Erastothenes
Stewart Gordon
smjg_1998 at yahoo.com
Thu Jun 14 14:58:44 PDT 2007
"davidb" <ta-nospam-zz at gmx.at> wrote in message
news:f4rvk2$1u7k$1 at digitalmars.com...
> Dave Colling wrote:
>> Has anyone confirmed that the example showing how to find primes
>> by the sieve of Erastothenes actuall works?
>> It certainly counts something, but they are not primes!
>
> You're right, definitely not (includes 0, 1, 4, 8, 10, 14, 20, 22, 25,
> ...)
> It still features printf instead of writef and is in my opinion
> rather confusing for someone starting to learn by example.
> So here's a cleaned up version, placed in the public domain (hint)
It does work.
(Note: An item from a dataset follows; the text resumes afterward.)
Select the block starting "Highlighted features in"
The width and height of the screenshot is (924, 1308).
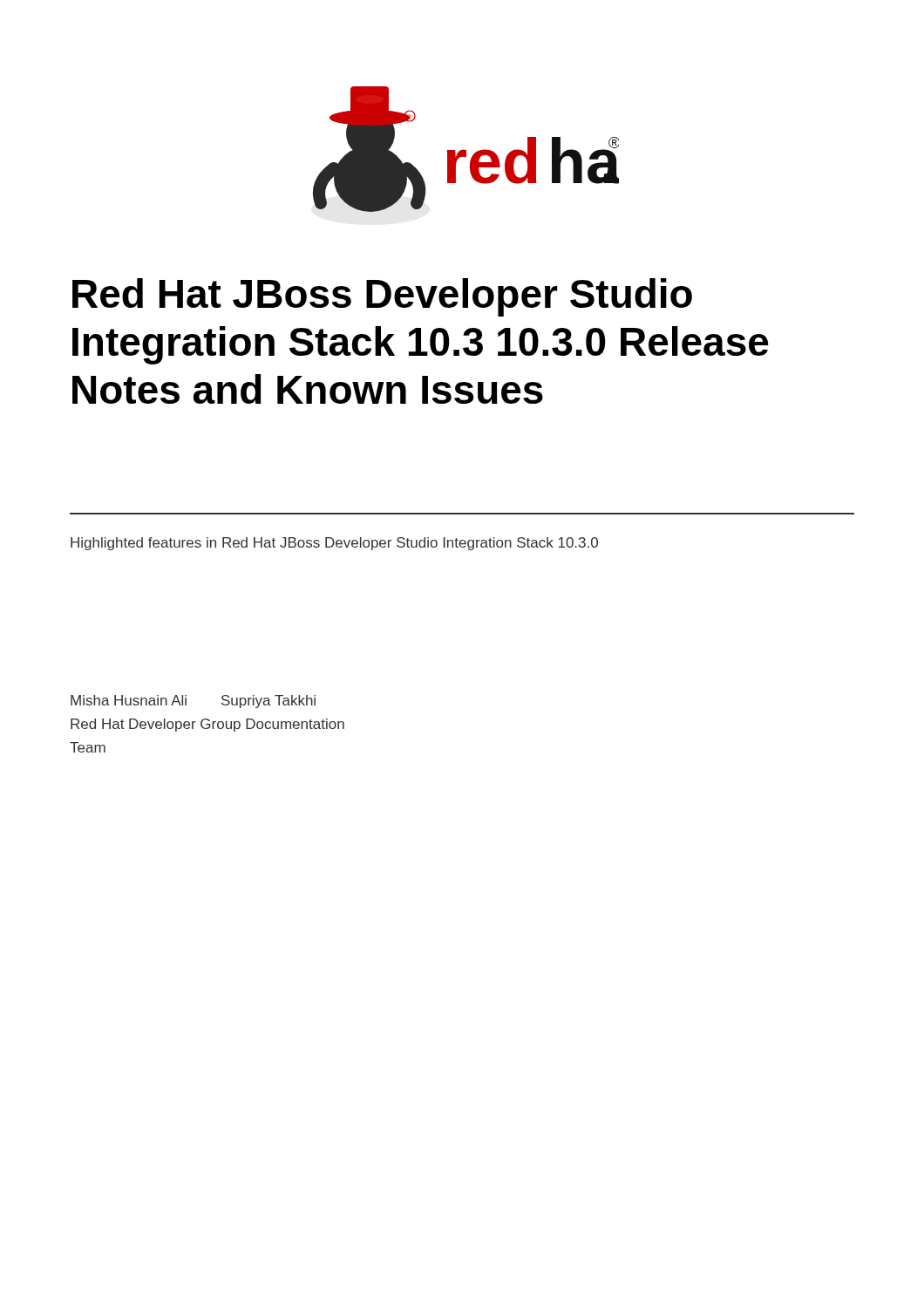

You appear to have not seen the line
prime = i + i + 3;
I added this line
writefln("i = %d; prime = %d", i, prime);
at the end of the if block to see what's happening.
But there are a few flaws with it. It sets a bad example not only by using
printf, but also by being badly commented and by declaring everything in one
place. And by using 1 and 0 instead of true and false.
But 3 to 16383 seems a peculiar range to count. If only it added 1 to the
count, it would give the number of primes below 1 << 14, which seems more
what one would expect.
And if multiple iterations are meant to be for benchmarking, 10 is nowhere
near enough on modern systems.
Stewart.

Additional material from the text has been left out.